- Input -
# # #
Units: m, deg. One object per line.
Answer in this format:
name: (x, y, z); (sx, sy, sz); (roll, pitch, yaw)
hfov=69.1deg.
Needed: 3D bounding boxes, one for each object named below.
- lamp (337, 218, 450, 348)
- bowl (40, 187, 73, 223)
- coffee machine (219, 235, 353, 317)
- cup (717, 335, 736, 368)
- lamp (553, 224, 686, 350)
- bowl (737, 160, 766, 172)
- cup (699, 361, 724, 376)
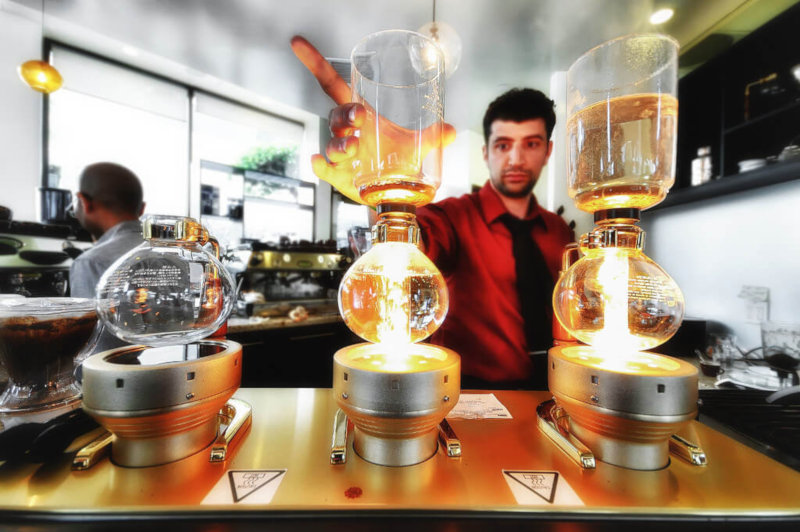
# # #
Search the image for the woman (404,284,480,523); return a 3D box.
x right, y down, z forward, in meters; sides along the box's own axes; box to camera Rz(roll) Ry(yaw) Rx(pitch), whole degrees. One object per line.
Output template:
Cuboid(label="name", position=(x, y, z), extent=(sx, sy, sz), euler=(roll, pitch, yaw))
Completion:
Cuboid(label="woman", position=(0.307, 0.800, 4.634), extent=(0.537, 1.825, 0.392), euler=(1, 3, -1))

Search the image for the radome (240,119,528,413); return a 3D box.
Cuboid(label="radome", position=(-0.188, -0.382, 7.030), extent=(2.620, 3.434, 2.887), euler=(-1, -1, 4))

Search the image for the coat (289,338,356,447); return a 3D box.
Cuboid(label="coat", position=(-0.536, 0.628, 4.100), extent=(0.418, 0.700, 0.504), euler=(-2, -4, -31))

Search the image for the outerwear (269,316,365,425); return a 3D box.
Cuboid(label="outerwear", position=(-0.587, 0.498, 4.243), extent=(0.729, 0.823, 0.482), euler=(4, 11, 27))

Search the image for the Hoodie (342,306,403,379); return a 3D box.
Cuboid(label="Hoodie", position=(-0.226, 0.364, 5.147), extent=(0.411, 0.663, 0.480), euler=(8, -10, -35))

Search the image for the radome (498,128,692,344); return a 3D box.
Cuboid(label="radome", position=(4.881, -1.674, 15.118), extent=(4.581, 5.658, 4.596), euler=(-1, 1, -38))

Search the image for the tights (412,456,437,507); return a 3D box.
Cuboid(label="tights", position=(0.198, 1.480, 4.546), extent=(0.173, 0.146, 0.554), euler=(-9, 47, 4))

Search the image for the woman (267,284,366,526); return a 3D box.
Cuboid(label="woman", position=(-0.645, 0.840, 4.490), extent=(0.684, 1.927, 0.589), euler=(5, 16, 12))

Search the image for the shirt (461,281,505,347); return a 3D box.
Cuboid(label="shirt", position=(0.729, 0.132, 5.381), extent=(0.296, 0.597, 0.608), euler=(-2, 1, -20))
# # #
- Description of the task -
Copy the lines above exactly. Start with the line containing "hfov=69.1deg.", end with the line containing "- cup (699, 361, 724, 376)", and include both.

- Response area -
hfov=69.1deg.
Needed: 3D bounding boxes, one for each object named below.
- lamp (337, 218, 450, 348)
- bowl (40, 187, 73, 223)
- coffee machine (219, 235, 353, 317)
- cup (717, 335, 736, 368)
- lamp (553, 224, 686, 350)
- bowl (737, 160, 766, 172)
- cup (699, 361, 724, 376)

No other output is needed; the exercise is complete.